Purification of native Poly p 5 from P. paulista venom. Cation-exchange chromatography profile obtained after crude venom extract fractionation, using a Hiprep FF CM column (16 × 10 mm, 20 mL; GE Healthcare) coupled to an AKTA-FPLC system, similar to previously obtained [12,26]. The elution was performed under a linear gradient from 0 to 1 M NaCl (_ _ _). The protein was monitored by measuring the absorbance at 280 nm, represented by a continuous line (___) (a). Two-milliliter fractions were collected for further detection of nPoly p 5 (~25 kDa) by 12% SDS-PAGE of all fractions eluted, and the gels stained with silver stain.
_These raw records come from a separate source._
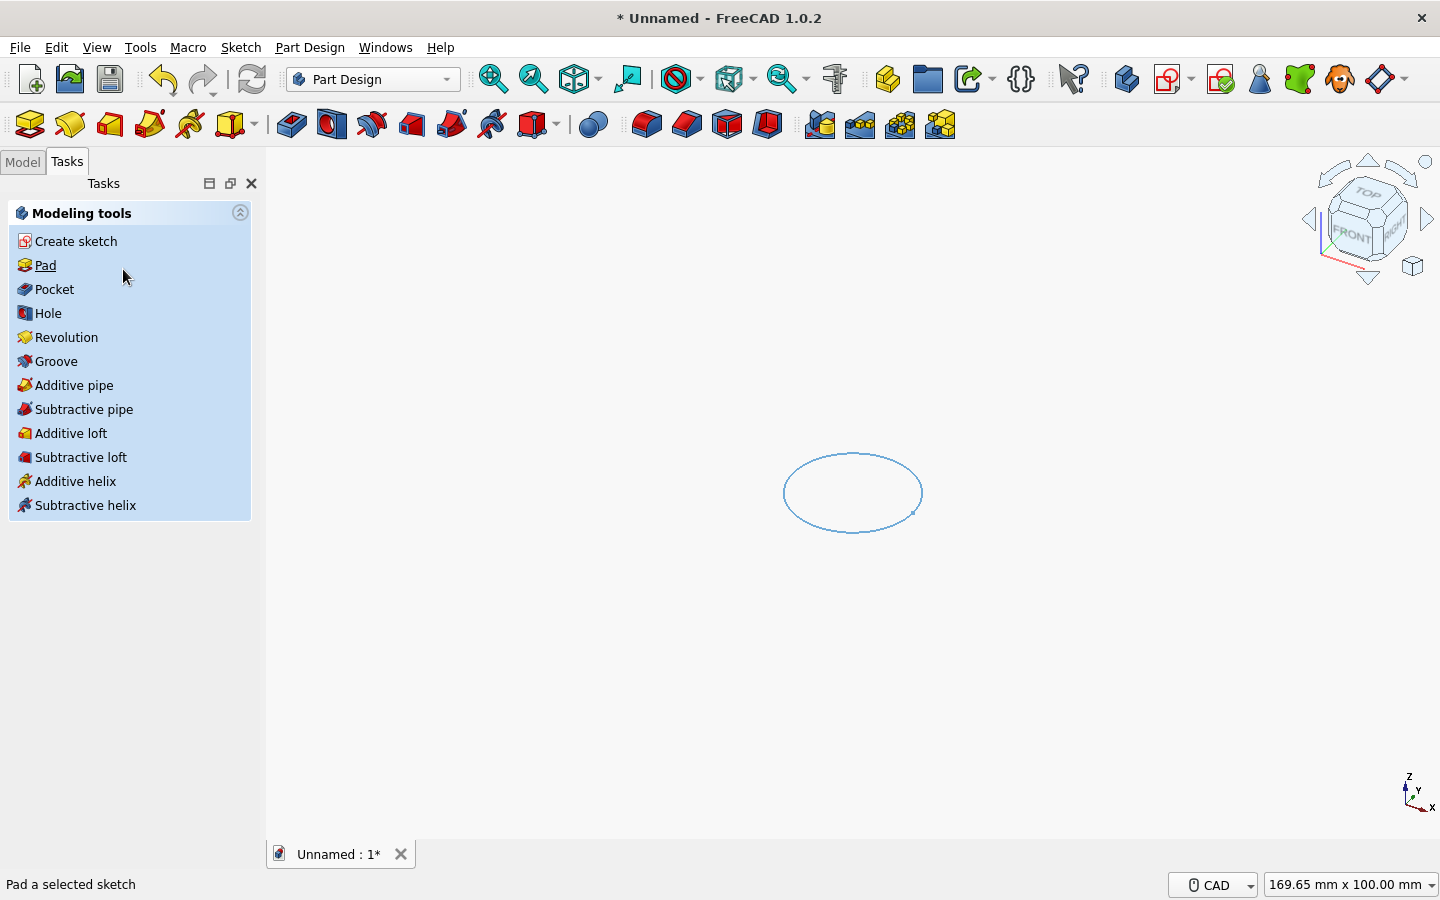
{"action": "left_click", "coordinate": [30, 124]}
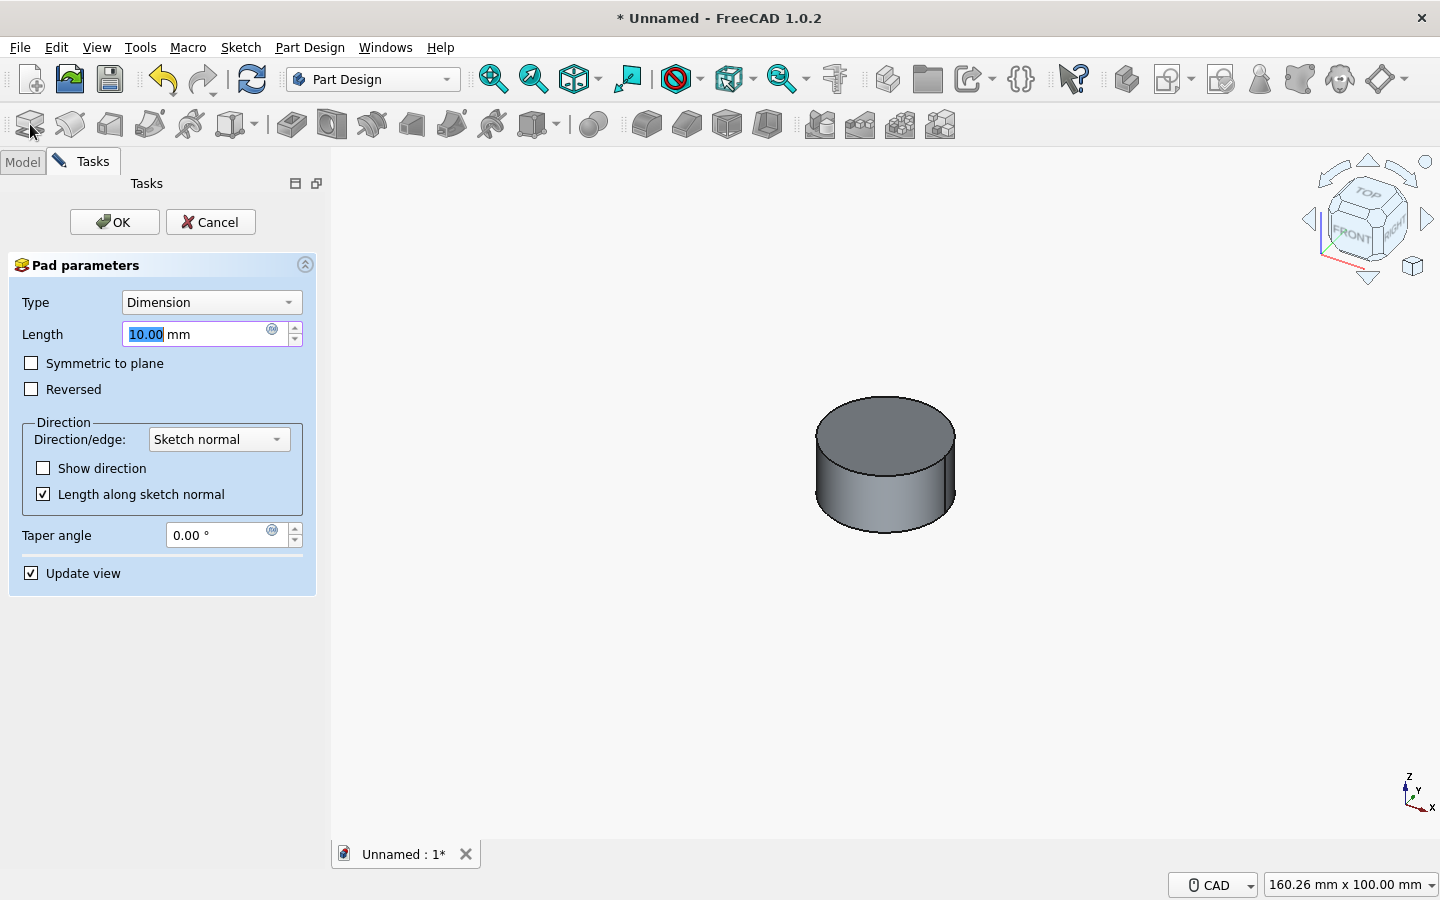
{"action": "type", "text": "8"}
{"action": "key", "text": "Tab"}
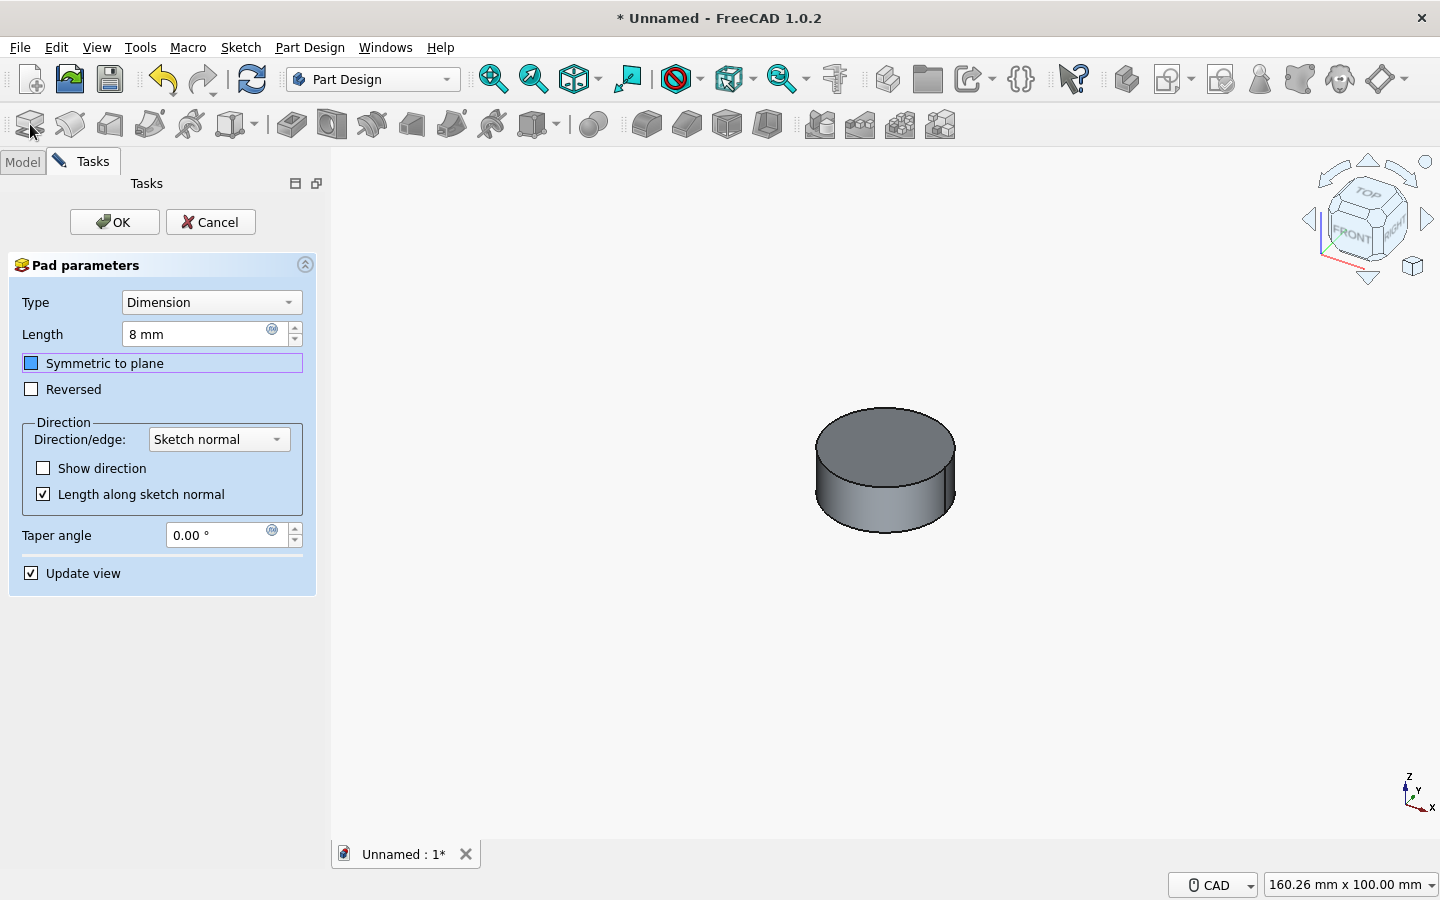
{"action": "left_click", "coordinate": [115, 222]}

A representation of the SDS-PAGE profile showing a unique band of ~25 kDa obtained from the main fractions (20–25) of the peak V (b). The crude venom (B), the purified native (n) and recombinant (r) Poly p 5 were finally analyzed in a (12%) SDS-PAGE (c).

Figure 7

IgE-mediated immunodetection of native (a) and recombinant (b) Poly p 5. Serum samples: P1-P10 = individual sera from patients previously diagnosed with specific IgE to P. paulista venom; N = pool of five serum samples from nonsensitized healthy volunteers, as negative control. The molecular weight marker (kDa) is indicated. The results of (a,b) are supported by the in silico analyses of the 3-D models of nPoly p 5 and rPoly p 5 showing the high structural homology between them (c) which is predicted by the presence of commons linear and conformational epitopes. The root-mean-square deviation (RMDS) of atomic positions of the 3-D models from nPoly p 5 and rPoly p 5 compared to the template 3-D model (Ves v 5, PDB 1QNX) is showed in the blue box.